The ESG package provides ready-to-use building blocks for data models, which can be found in the file metadata.py. For example, in the code above, GeographicPosition is imported from ESG. GeographicPosition is a data model itself, which defines that a geographic position consists of latitude and longitude. The data models also serve a documentational purpose as they define the data structure of the downstream application, i.e. the EMS. Additionally, they define permitted ranges for values, which helps in automatically validating the input provided by clients.
3. Implementation of the worker component
The worker component is responsible for executing the tasks, i.e. computing requests or fitting parameters by invoking the forecasting or optimization code, as well as task scheduling. While the ESG framework utilizes the Celery library for implementing the worker, it extends it with functionality to make the implementation of services more convenient, for example by utilizing the data models for de-/serialization of input and output data. Thus, the main objective for implementing a worker is to wire up the data models with the forecasting or optimization code. This is usually a rather simple program, as displayed in the code excerpt below, taken from the PV power generation forecast example service.
@app.task
def request_task(input_data_json):
return invoke_handle_request(
input_data_json=input_data_json,
RequestArguments=RequestArguments,
FittedParameters=FittedParameters,
handle_request_function=handle_request,
RequestOutput=RequestOutput,
)
@app.task
def fit_parameters_task(input_data_json):
return invoke_fit_parameters(
input_data_json=input_data_json,
FitParameterArguments=FitParameterArguments,
Observations=Observations,
fit_parameters_function=fit_parameters,
FittedParameters=FittedParameters,
)
The above code can be found in the worker.py file.
4. Customization of the API component
The implementation of the API component is available ready-to-use in the ESG framework. However, in order to operate the API it is necessary, similar to the worker, to wire up the API with the other components, in particular with the data model and the worker. Furthermore, some information like name and version number must be provided too. Nevertheless, the necessary code to instantiate an API component is fairly simple as seen in the code excerpt below.
api = API(
RequestArguments=RequestArguments,
RequestOutput=RequestOutput,
FittedParameters=FittedParameters,
Observations=Observations,
FitParameterArguments=FitParameterArguments,
request_task=request_task,
fit_parameters_task=fit_parameters_task,
title="PV Power Prediction Example Service",
)
if __name__ == "__main__":
api.run()
The above code can be found in the api.py file.
5. Building docker images to derive functional services
In order for the service developer to derive functional services, they need to build docker images that can be run e.g. on Kubernetes or Docker Swarm.
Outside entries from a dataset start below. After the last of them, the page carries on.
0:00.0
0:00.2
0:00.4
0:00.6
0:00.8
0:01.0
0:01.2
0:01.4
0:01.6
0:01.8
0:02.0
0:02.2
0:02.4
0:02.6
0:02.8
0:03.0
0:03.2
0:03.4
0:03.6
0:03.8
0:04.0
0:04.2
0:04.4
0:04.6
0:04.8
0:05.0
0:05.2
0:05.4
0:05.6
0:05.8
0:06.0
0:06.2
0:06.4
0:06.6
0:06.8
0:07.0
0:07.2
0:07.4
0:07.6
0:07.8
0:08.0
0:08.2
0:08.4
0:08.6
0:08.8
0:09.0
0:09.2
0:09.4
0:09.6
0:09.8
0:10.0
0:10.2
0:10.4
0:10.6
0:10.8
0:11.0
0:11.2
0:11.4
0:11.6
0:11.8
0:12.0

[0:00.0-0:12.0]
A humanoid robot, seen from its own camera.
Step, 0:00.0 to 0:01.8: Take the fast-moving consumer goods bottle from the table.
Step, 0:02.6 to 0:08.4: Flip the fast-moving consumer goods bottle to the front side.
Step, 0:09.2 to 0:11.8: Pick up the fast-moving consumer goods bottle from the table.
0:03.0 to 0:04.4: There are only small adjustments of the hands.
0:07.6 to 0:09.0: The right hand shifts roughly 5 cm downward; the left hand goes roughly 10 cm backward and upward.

It is necessary to build two distinct images, one for the API (which includes the data model) and one for the worker (which includes the data model and the forecasting or optimization code). The build instructions for both images are implemented as Dockerfile as seen below.
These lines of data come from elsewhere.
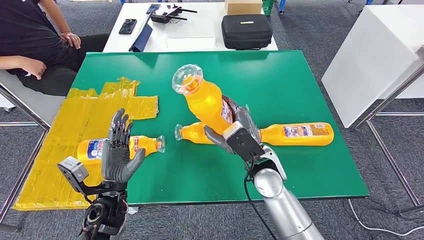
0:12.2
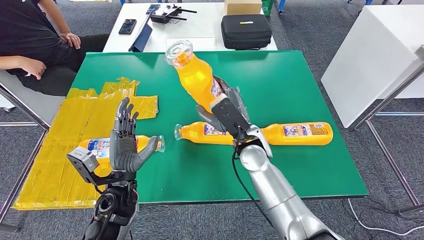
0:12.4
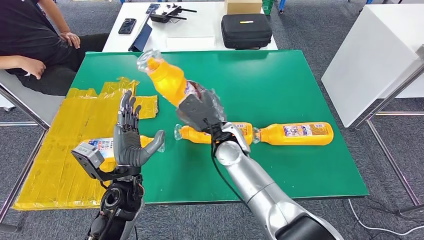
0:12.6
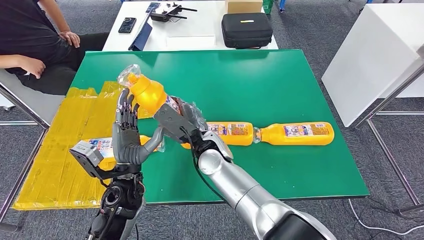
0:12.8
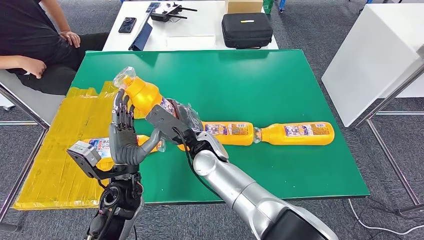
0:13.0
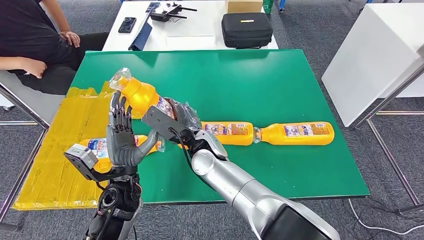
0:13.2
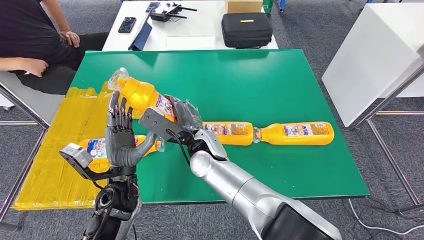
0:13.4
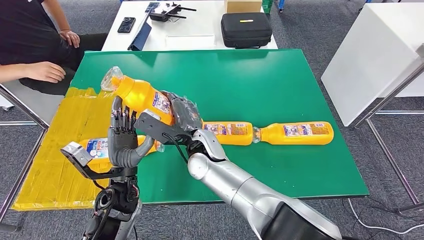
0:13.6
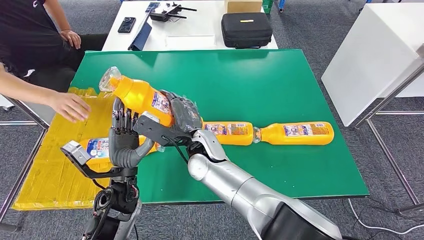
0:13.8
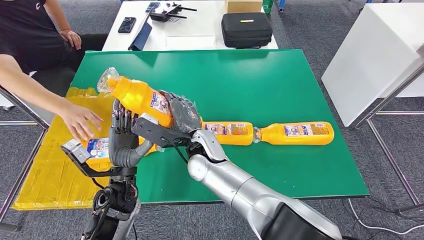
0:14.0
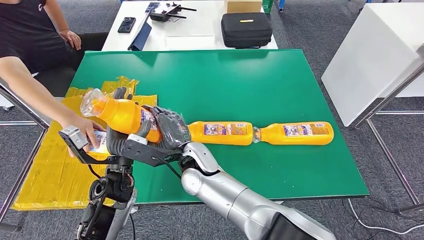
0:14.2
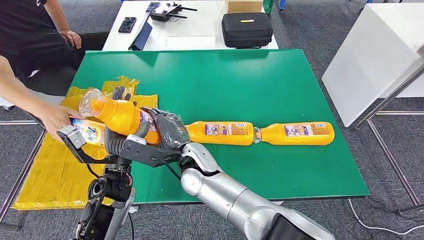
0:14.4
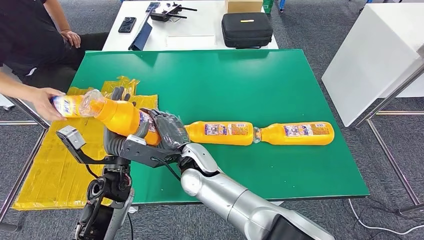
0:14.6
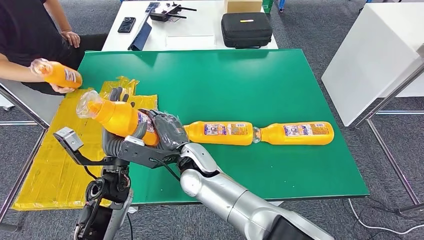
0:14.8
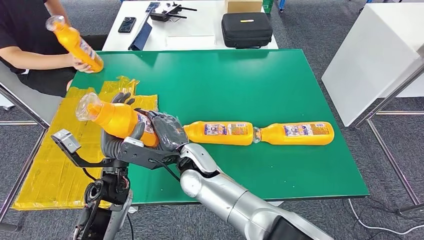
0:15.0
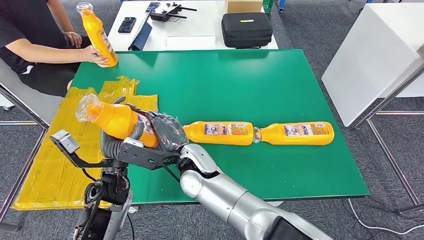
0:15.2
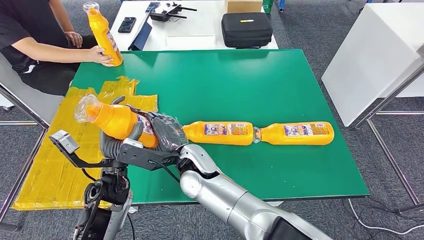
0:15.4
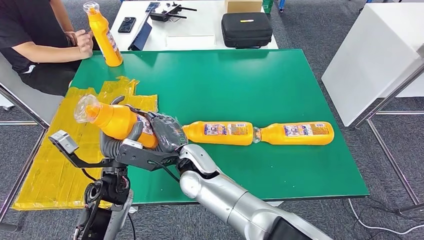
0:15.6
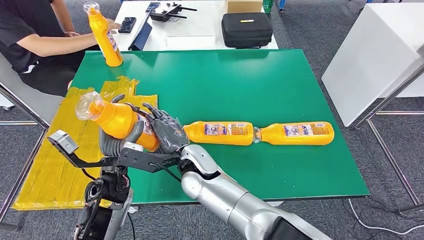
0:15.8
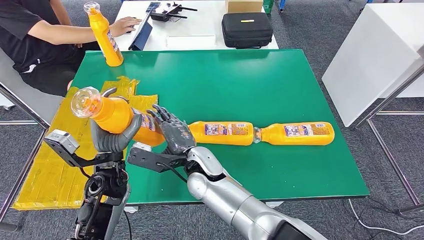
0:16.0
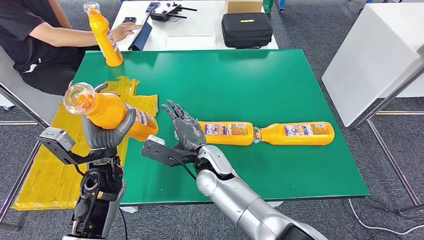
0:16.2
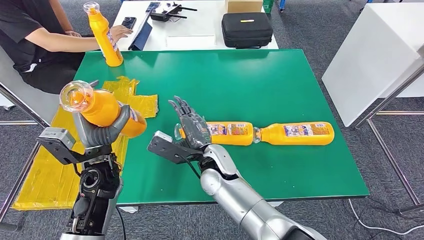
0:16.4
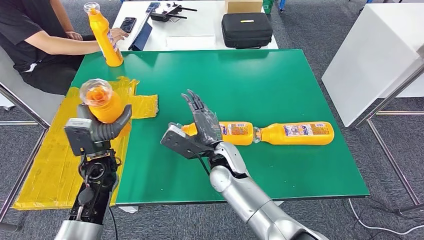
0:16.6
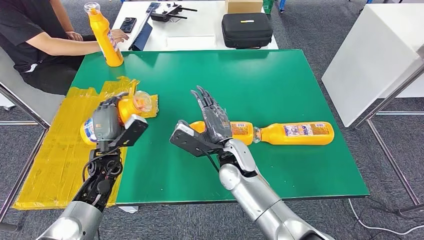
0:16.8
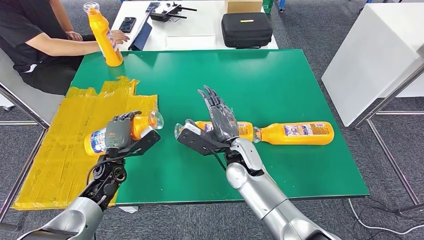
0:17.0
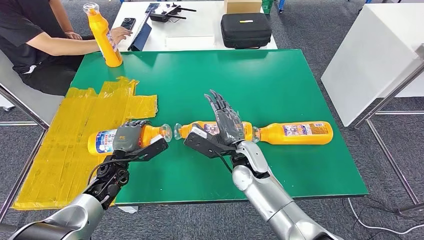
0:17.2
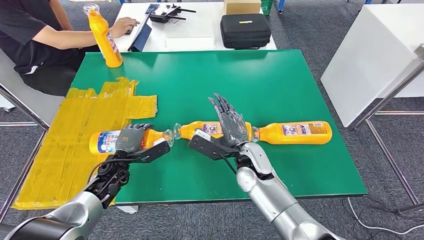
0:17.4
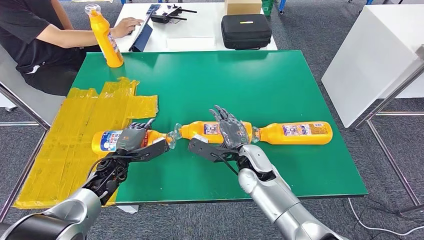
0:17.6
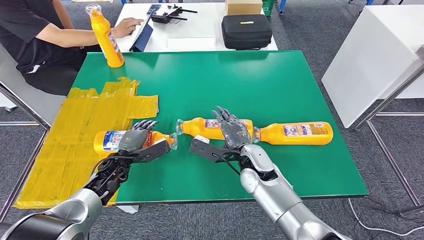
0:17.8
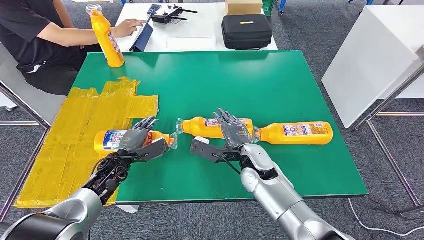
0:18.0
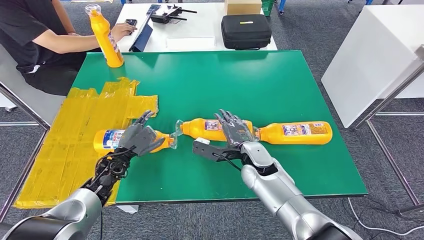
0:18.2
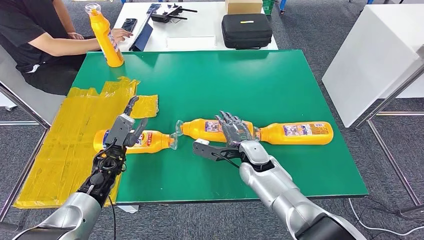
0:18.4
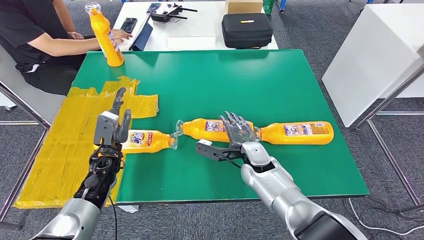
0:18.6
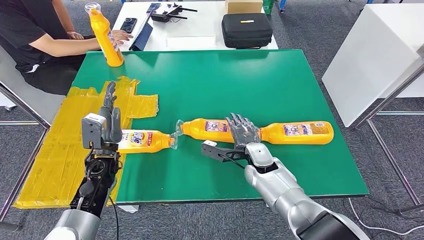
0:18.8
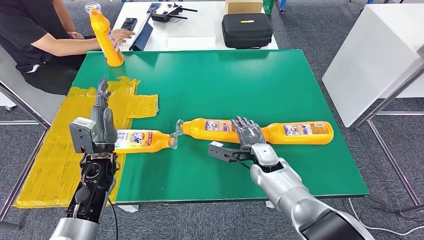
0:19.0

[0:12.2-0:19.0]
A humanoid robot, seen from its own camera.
Step, 0:12.8 to 0:18.6: Flip the fast-moving consumer goods bottle to the front side.
0:17.6 to 0:19.0: The right hand ends up approximately 10 cm from where it was; the left hand shifts approximately 10 cm upward.

FROM energy-service-generics:latest-service
COPY ./service/api.py ./service/data_model.py ./service/worker.py /source/service/
CMD ["python", "/source/service/api.py"]
FROM energy-service-generics:latest-service-pandas
RUN pip install pvlib scipy
COPY ./service/ /source/service/
WORKDIR /source/service/
ENTRYPOINT [ "celery" ]
CMD [ "--app", "worker", "worker", "--loglevel=INFO" ]
The above code can be found in the Dockerfile-API and the Dockerfile-worker files.